It is not always easy to distinguish between a rational and a spiritual understanding of Scripture. A man may come to the right interpretation of a portion of Scripture without having saving faith and the inner illumination of the Holy Spirit. He can have knowledge and assent without trust. This is a sobering and sometimes frightening fact with which we are faced. We are called to examine ourselves to know whether we are in the faith or not. This does not mean that we can never be assured that we have saving faith, or that we should doubt whether we do  every time we sin. When we sin we're told to go again to our Father in heaven in godly sorrow and cast ourselves on His mercy in Christ, who stands as our righteous advocate before the Father (1 John 1:8-2:1). It does mean, however, that we must plead with God to "open our eyes to see wonderful things" in His word (Ps. 119:18). We should not be content to merely sharpen our minds in getting the right interpretation of Scripture. We must become satisfied with gaining intellectual attainments in interpretive principles. Jonathan Edwards offered the following explanation of the difference between being able to righty interpret the Scriptures and rightly understand them with spiritual eyes:

Hence it appears, that the spiritual understanding of the Scripture, don't consist in opening to the mind the mystical meaning of the Scripture, in its parables, types and allegories; for this is only a doctrinal explication of the Scripture. He that explains what is meant by the stony ground, and the seed's springing up suddenly, and quickly withering away, only explains what propositions or doctrines are taught in it. So he that explains what is typified by Jacob's ladder, and the angels of God ascending and descending on it, or what was typified by Joshua's leading Israel through Jordan, only shows what propositions are hid in these passages.

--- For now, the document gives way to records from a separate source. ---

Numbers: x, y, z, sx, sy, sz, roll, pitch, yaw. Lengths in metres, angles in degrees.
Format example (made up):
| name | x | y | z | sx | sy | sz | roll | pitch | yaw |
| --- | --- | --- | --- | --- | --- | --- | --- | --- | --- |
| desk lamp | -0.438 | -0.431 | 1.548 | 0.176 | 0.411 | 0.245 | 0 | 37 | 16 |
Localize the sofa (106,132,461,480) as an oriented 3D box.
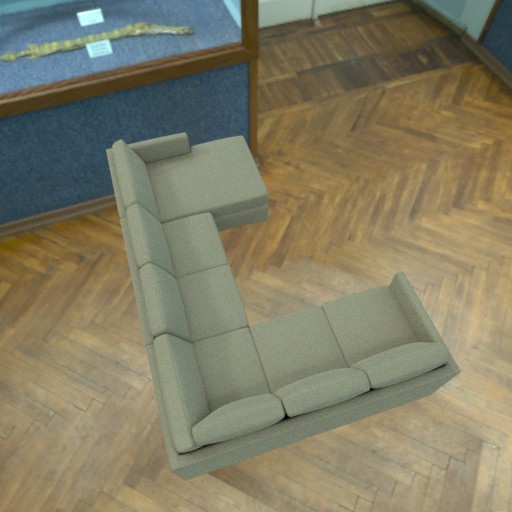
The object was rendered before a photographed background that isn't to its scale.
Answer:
| name | x | y | z | sx | sy | sz | roll | pitch | yaw |
| --- | --- | --- | --- | --- | --- | --- | --- | --- | --- |
| sofa | 0.000 | 0.000 | 4.498 | 2.427 | 0.882 | 3.460 | -15 | 59 | -9 |
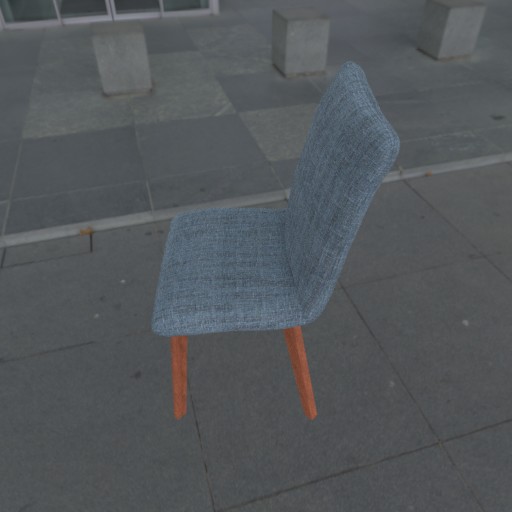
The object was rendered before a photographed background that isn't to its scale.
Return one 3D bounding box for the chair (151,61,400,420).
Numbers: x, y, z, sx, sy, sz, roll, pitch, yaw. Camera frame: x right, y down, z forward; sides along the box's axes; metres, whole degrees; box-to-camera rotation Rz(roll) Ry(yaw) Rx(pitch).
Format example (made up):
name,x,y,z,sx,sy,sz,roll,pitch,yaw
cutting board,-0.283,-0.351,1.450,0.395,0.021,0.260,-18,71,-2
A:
name,x,y,z,sx,sy,sz,roll,pitch,yaw
chair,0.000,0.000,1.307,0.563,0.974,0.522,-1,41,-1
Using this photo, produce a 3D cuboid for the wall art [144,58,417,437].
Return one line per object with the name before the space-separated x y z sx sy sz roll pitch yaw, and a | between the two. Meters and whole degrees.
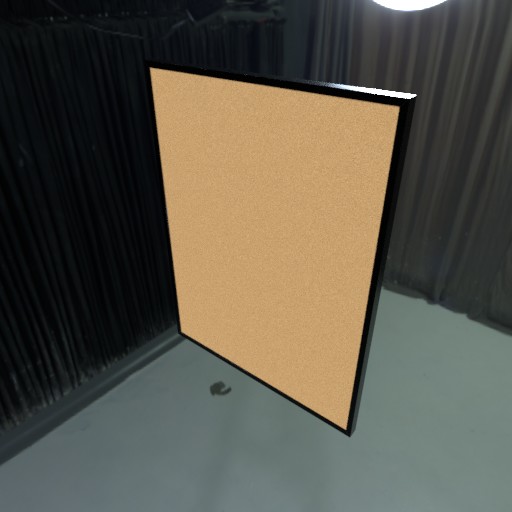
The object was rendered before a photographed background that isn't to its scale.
wall art | 0.000 0.000 1.381 0.805 1.062 0.040 23 38 32
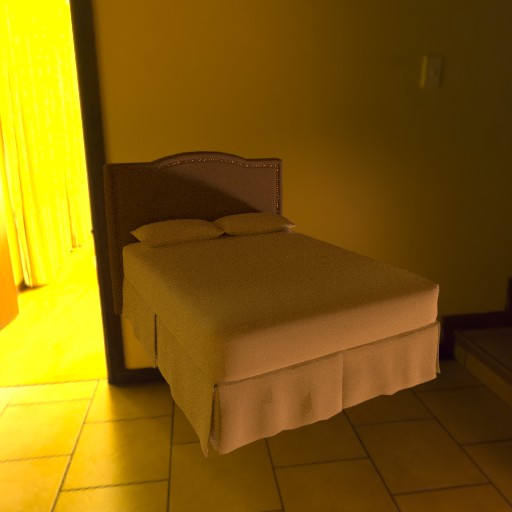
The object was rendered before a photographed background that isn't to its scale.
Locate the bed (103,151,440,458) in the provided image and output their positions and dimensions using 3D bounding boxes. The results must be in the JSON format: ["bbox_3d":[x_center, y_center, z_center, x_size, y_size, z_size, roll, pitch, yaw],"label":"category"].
[{"bbox_3d":[0.000,0.000,3.288,1.744,1.441,2.128,-8,18,-27],"label":"bed"}]
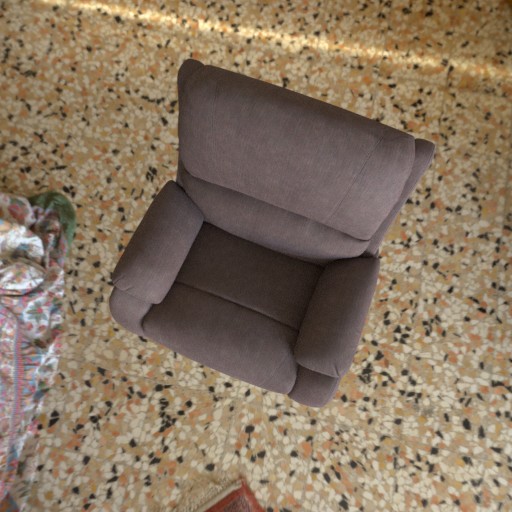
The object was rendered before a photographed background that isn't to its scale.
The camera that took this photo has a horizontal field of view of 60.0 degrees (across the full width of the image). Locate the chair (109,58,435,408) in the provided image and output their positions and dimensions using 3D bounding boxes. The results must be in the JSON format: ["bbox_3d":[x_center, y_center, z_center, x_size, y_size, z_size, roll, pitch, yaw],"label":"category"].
[{"bbox_3d":[0.000,0.000,1.696,0.930,1.011,0.899,21,76,6],"label":"chair"}]
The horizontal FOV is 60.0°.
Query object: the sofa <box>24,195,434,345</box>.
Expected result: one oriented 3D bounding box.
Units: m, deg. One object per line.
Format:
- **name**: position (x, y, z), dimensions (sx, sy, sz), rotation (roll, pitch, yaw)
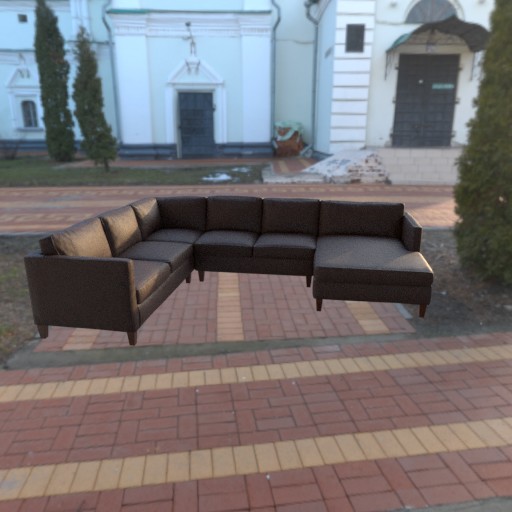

And many men can explain these types, who have no spiritual knowledge. 'Tis possible that a man might know how to interpret all the types, parables, enigmas, and allegories in the Bible, and not have one beam of spiritual light in his mind; because he mayn't have the least degree of that spiritual sense of the holy beauty of divine things which has been spoken of, and may see nothing of this kind of glory in anything contained in any of these mysteries, or any other part of the Scripture. 'Tis plain, by what the Apostle says, that a man might understand all such mysteries, and have no saving grace; I Corinthians 13:2, "And though I have the gift of prophecy, and understand all mysteries, and all knowledge, and have not charity, it profiteth me nothing." They therefore are very foolish who are exalted in an opinion of their own spiritual attainments, from notions that come into their minds, of the mystical meaning of these and those passages of Scripture, as though it was a spiritual understanding of these passages, immediately given 'em by the Spirit of God, and hence have their affections highly raised: and what has been said shows the vanity of such affections.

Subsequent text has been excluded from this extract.